Data to use
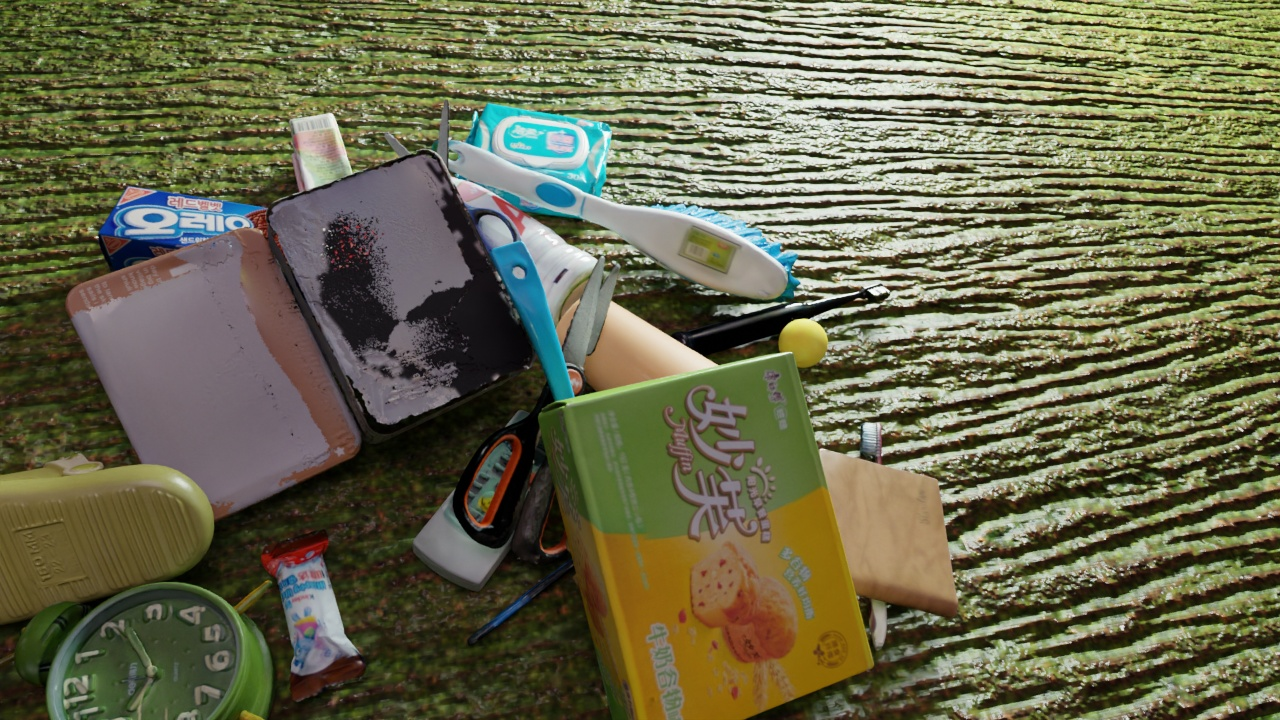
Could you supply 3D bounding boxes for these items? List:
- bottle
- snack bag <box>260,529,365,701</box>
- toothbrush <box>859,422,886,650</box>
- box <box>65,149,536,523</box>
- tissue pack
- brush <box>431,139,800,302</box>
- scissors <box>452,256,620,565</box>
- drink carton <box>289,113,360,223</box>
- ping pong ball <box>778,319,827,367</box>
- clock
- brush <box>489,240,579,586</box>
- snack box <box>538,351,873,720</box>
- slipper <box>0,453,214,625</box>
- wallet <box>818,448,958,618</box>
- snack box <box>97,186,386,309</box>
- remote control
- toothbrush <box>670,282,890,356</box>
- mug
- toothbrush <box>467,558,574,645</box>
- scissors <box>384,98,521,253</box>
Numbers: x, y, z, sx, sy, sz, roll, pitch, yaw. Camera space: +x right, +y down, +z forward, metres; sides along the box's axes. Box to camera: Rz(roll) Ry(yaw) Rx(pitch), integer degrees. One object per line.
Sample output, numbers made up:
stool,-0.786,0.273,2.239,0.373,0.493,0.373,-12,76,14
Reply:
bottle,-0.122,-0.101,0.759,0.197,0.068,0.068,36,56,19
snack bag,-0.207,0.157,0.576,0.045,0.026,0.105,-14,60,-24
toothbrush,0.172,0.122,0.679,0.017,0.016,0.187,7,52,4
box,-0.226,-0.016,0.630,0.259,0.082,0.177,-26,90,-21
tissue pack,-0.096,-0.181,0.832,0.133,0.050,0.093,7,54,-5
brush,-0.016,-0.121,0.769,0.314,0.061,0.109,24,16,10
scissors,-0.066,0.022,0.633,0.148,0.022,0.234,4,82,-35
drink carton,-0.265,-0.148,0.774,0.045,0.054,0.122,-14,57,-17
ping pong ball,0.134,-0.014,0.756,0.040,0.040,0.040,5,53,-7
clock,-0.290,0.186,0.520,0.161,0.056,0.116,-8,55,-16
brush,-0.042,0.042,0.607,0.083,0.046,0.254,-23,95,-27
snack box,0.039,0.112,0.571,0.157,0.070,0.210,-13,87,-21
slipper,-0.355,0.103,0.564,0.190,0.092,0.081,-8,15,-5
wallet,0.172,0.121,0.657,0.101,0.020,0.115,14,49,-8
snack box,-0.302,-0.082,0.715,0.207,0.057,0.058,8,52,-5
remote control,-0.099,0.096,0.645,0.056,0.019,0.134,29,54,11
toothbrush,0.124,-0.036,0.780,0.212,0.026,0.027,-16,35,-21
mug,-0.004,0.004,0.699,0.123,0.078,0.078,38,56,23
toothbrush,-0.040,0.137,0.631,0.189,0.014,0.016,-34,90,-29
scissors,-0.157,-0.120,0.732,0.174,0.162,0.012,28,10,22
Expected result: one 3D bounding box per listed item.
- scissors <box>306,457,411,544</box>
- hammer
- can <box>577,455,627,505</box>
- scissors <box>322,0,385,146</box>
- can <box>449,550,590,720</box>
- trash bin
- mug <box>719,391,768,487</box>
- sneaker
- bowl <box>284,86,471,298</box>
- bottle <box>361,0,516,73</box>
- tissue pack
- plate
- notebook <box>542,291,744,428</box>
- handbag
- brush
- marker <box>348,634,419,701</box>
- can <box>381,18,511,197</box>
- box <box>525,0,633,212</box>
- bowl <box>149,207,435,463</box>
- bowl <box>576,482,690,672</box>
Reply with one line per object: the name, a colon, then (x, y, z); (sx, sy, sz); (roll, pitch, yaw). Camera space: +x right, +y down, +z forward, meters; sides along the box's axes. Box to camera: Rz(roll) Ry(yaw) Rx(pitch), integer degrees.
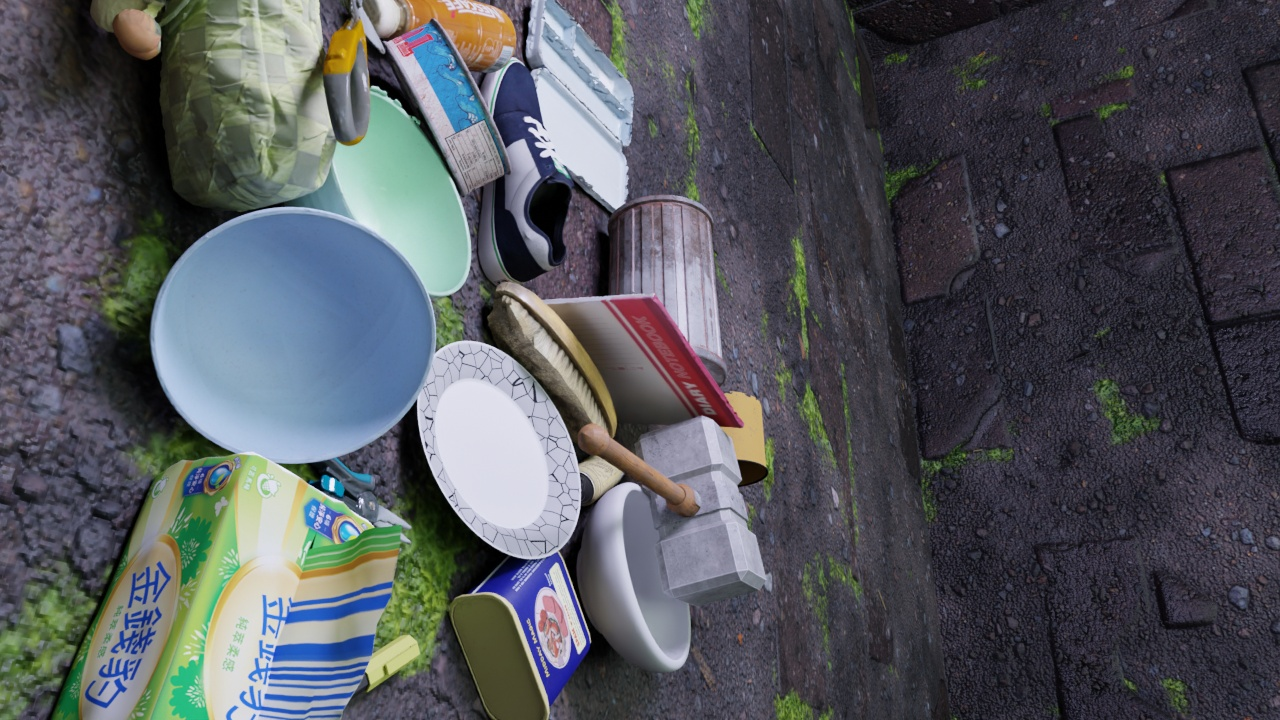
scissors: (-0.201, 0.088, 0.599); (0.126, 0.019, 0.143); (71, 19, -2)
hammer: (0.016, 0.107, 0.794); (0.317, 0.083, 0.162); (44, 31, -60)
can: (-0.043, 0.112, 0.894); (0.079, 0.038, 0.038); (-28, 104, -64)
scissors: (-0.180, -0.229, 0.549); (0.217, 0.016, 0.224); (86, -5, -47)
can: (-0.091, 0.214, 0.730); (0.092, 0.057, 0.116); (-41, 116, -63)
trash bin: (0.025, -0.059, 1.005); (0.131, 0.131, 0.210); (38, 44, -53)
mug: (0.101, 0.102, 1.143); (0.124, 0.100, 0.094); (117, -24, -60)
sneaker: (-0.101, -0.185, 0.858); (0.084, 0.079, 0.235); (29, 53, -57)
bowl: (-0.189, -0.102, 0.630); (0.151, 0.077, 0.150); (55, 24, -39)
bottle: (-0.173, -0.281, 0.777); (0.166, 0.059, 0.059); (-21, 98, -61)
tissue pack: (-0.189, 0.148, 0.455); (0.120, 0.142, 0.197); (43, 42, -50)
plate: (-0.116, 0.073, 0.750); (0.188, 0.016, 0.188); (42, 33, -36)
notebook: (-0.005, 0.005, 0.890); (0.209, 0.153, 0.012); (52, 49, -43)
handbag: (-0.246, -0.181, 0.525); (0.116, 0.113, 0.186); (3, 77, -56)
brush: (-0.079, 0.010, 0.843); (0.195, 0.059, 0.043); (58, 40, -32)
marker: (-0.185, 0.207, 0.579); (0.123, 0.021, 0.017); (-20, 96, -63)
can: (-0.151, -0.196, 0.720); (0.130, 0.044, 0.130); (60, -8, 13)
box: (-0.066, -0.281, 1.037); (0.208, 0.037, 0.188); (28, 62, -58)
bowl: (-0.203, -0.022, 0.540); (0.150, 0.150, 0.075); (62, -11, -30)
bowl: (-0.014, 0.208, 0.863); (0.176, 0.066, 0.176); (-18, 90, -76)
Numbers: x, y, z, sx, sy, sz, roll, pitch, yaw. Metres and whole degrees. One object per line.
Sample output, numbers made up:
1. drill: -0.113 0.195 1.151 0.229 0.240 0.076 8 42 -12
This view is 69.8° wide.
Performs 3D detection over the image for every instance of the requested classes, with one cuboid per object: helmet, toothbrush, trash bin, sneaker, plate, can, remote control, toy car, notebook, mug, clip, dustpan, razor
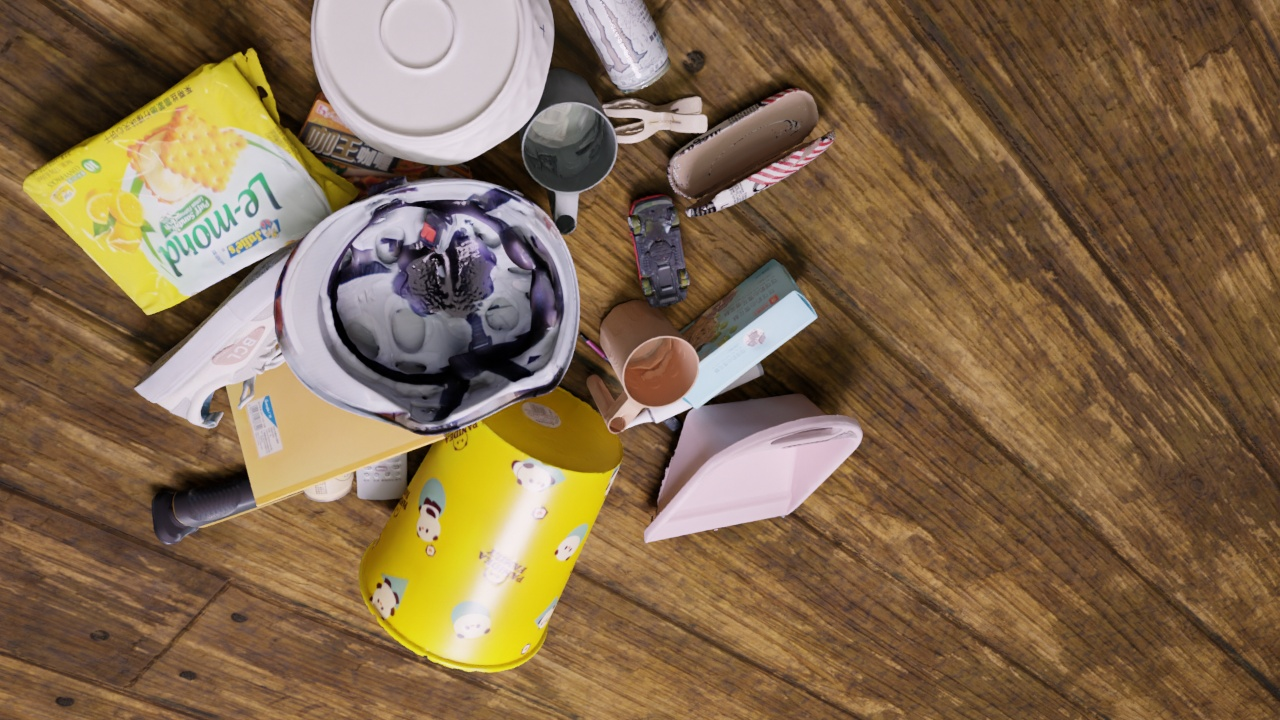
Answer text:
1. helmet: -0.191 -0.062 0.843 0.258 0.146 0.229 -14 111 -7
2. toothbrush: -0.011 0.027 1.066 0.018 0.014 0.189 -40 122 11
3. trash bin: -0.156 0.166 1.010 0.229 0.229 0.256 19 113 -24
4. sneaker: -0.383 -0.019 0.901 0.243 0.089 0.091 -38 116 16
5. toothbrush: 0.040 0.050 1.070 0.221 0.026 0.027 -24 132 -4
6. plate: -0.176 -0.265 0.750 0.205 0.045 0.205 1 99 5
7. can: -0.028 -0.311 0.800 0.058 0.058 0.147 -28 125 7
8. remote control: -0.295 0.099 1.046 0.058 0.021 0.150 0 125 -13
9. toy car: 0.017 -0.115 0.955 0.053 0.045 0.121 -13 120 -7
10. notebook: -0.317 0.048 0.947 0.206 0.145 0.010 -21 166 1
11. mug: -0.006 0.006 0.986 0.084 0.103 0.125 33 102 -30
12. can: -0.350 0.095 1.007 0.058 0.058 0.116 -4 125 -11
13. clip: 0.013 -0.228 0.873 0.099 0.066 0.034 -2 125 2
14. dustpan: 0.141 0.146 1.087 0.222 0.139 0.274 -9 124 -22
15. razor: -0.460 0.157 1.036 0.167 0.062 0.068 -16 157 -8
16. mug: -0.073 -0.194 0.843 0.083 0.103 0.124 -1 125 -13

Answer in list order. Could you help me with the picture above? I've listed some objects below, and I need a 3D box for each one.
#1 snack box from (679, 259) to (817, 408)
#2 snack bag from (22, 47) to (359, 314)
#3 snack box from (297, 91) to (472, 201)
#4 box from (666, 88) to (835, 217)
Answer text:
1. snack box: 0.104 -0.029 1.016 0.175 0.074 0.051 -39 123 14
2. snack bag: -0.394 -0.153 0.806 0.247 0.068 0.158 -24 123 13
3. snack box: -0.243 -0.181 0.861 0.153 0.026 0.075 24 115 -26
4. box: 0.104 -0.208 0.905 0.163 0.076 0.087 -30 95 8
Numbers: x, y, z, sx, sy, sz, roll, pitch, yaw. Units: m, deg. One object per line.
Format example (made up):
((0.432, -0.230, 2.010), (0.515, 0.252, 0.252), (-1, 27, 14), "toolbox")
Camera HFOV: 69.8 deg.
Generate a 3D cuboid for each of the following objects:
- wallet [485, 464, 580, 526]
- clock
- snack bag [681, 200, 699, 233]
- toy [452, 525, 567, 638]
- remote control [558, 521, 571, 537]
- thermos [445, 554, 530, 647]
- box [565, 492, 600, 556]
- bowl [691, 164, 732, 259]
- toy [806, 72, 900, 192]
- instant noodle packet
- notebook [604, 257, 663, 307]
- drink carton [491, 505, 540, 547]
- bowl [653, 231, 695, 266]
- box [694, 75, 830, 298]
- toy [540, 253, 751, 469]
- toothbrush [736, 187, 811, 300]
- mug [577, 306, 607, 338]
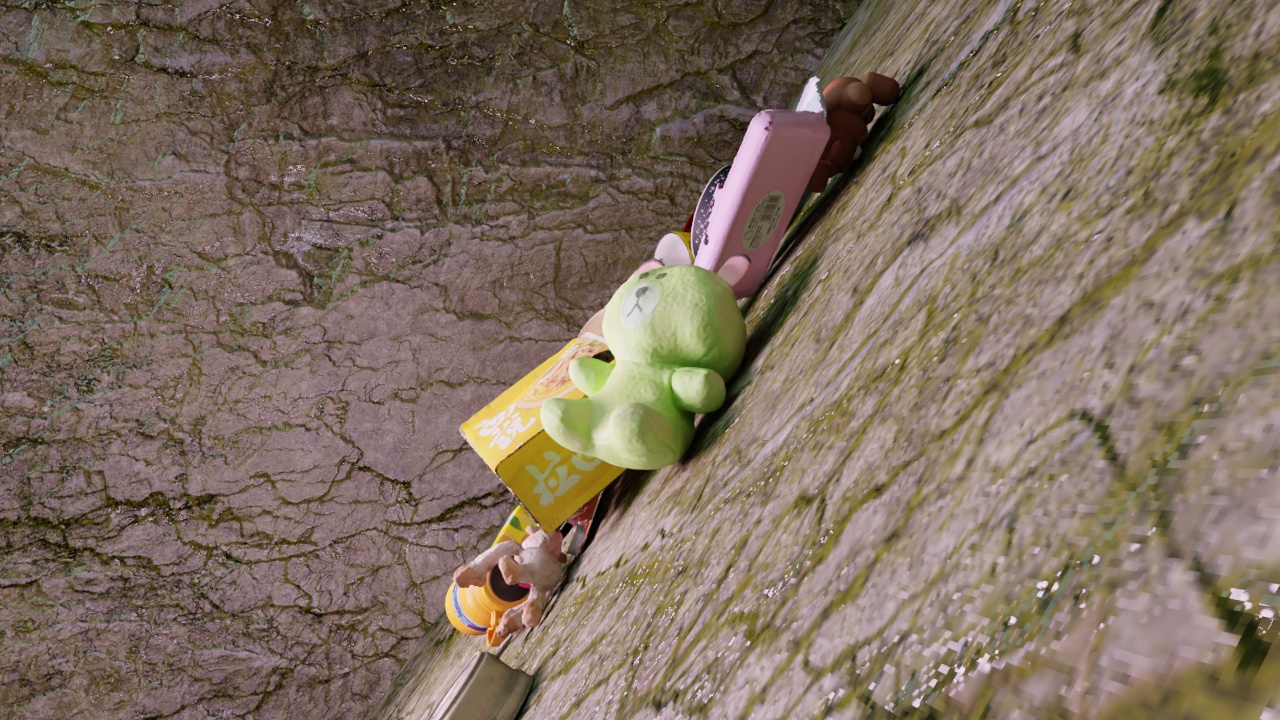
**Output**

Brief
Write the lines from the one with "- instant noodle packet" through the last line of the entries out again exactly, both ends included, and skip the pictures.

Your solution
- instant noodle packet
- notebook [604, 257, 663, 307]
- drink carton [491, 505, 540, 547]
- bowl [653, 231, 695, 266]
- box [694, 75, 830, 298]
- toy [540, 253, 751, 469]
- toothbrush [736, 187, 811, 300]
- mug [577, 306, 607, 338]
**Output**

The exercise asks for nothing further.